I been using a washboard since I was eight Cutting up the fels-naptha with a paring knife One tub to wash The other to rinse Hanging on the line and then Shaking out the stiff wrinkles In the half-frozen dawn
Sunrise sure looked pretty, All pink and orange and gold I used to shiver but not from the cold Thinking of scrubbing and rubbing My hands raw Bending and stooping As my heart grew old
Not my body though! I knew how beautiful I was But I also knew how Dangerous was love Both the making and bearing of children Lord knows how it rips you up Shreds your most tender parts Screaming bleeding flesh!

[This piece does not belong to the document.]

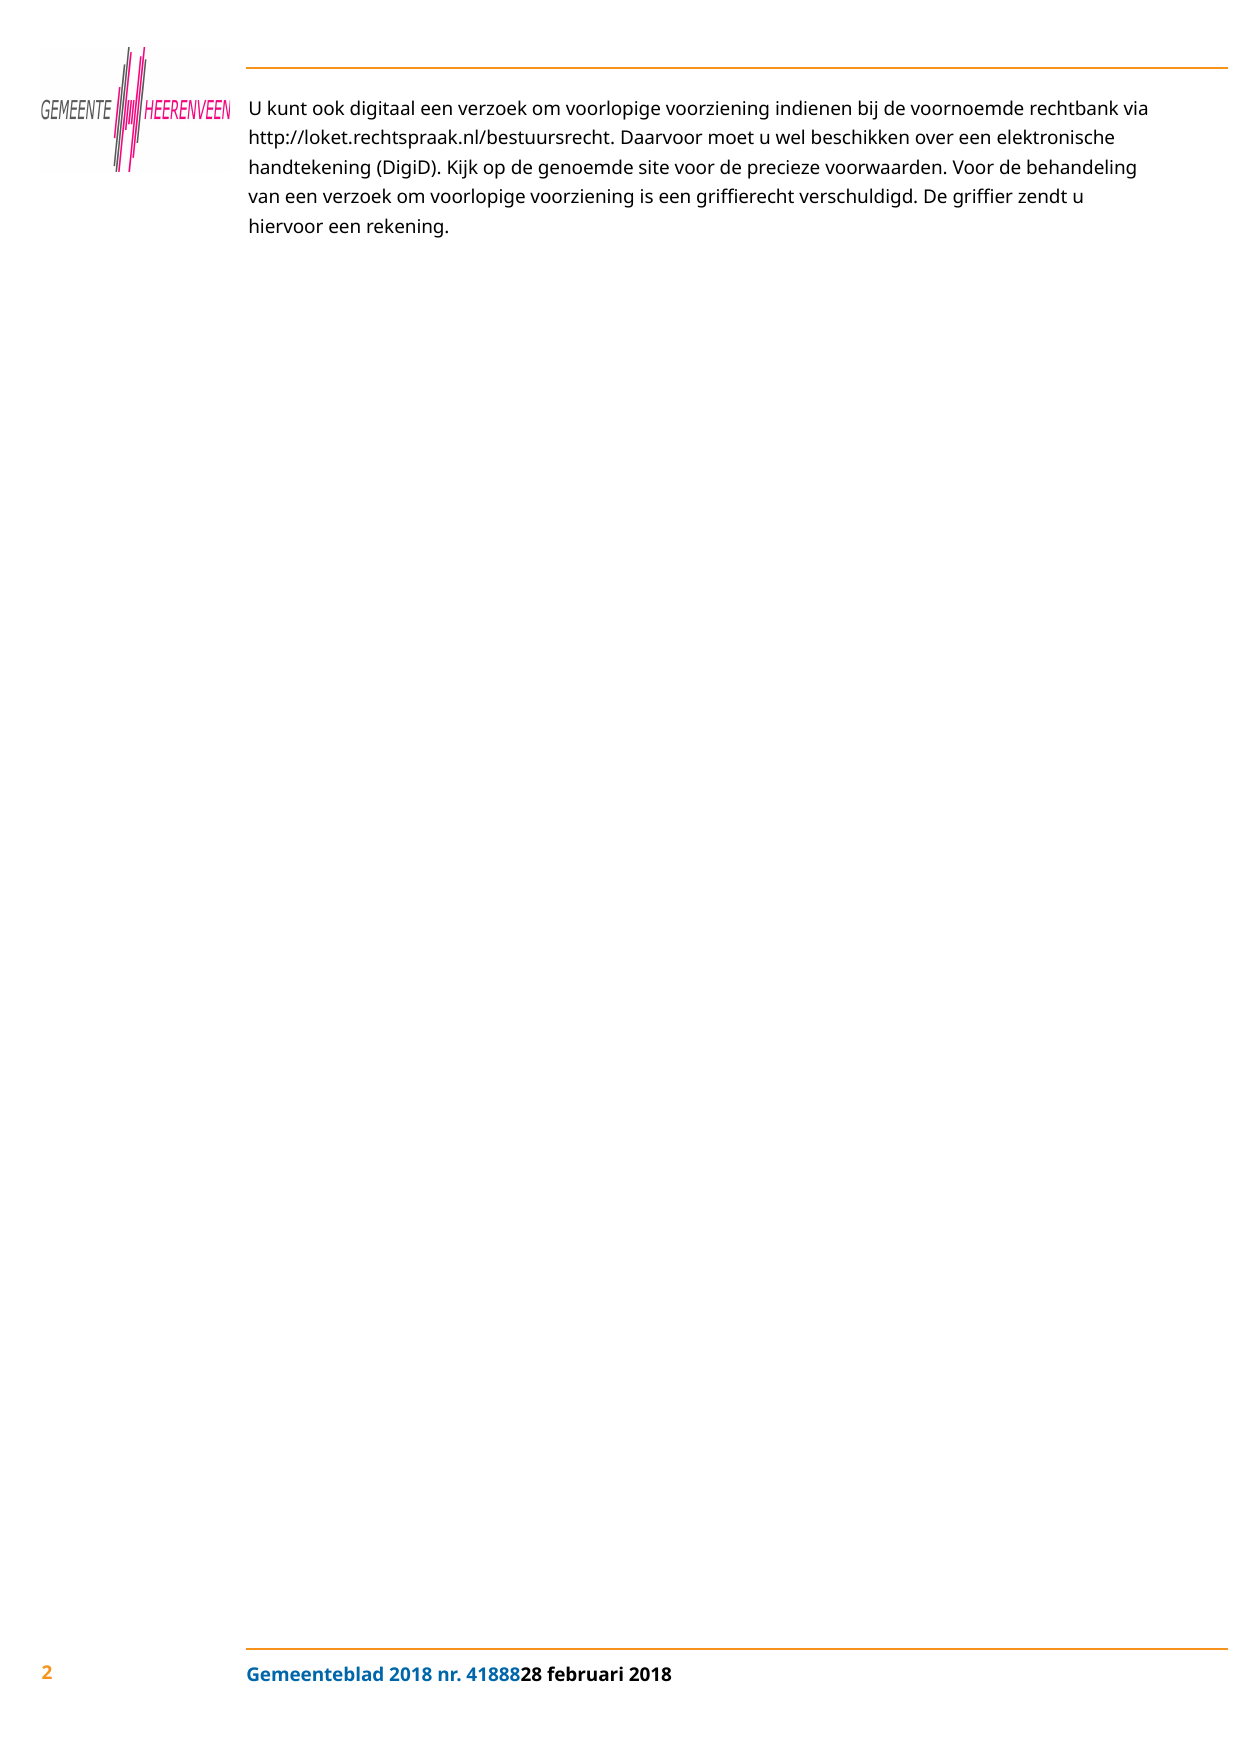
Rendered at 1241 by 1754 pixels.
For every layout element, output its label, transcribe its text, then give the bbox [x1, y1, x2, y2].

text U kunt ook digitaal een verzoek om voorlopige voorziening indienen bij de voornoemde rechtbank via http://loket.rechtspraak.nl/bestuursrecht. Daarvoor moet u wel beschikken over een elektronische handtekening (DigiD). Kijk op de genoemde site voor de precieze voorwaarden. Voor de behandeling van een verzoek om voorlopige voorziening is een griffierecht verschuldigd. De griffier zendt u hiervoor een rekening. [248, 95, 1152, 239]
picture [41, 47, 231, 172]

I don't think about it much And anyway, it ain't always About love - making babies and Soiling clothes
A while back there were six of us In the house With the boys, when they were home Wash day came twice a week then When they brought home That machine, It's true it got a little Easier but it still took me The better part of two days
When the little ones visited, laundry day Was every day I didn't mind then - they Were bright as sunshine those Children No mark of my agony on them
My granddaughter is having her first Baby now and she does complain, There are piles of damp, rumpled Towels, and men's shirts ***** and stained For her to attend to, they Constrain her Conference calls and Computer time - Once I caught her sobbing About the endlessness of it all
And the invisibility! The humiliating impossibility! She hasn't even realized it yet But I won't tell her about that, She'll see soon enough There's no quarter for dreams For girlhood Snuffed by that one First scream The one that is stifled In the dark Under his weight The night of the wedding And never heard again
Oh, the centuries of Drudgery I carry in my cells The wails of grandmothers And their dozens of children - The ones who lived Blotting out the memory Of babies who died - All that! For such a short life!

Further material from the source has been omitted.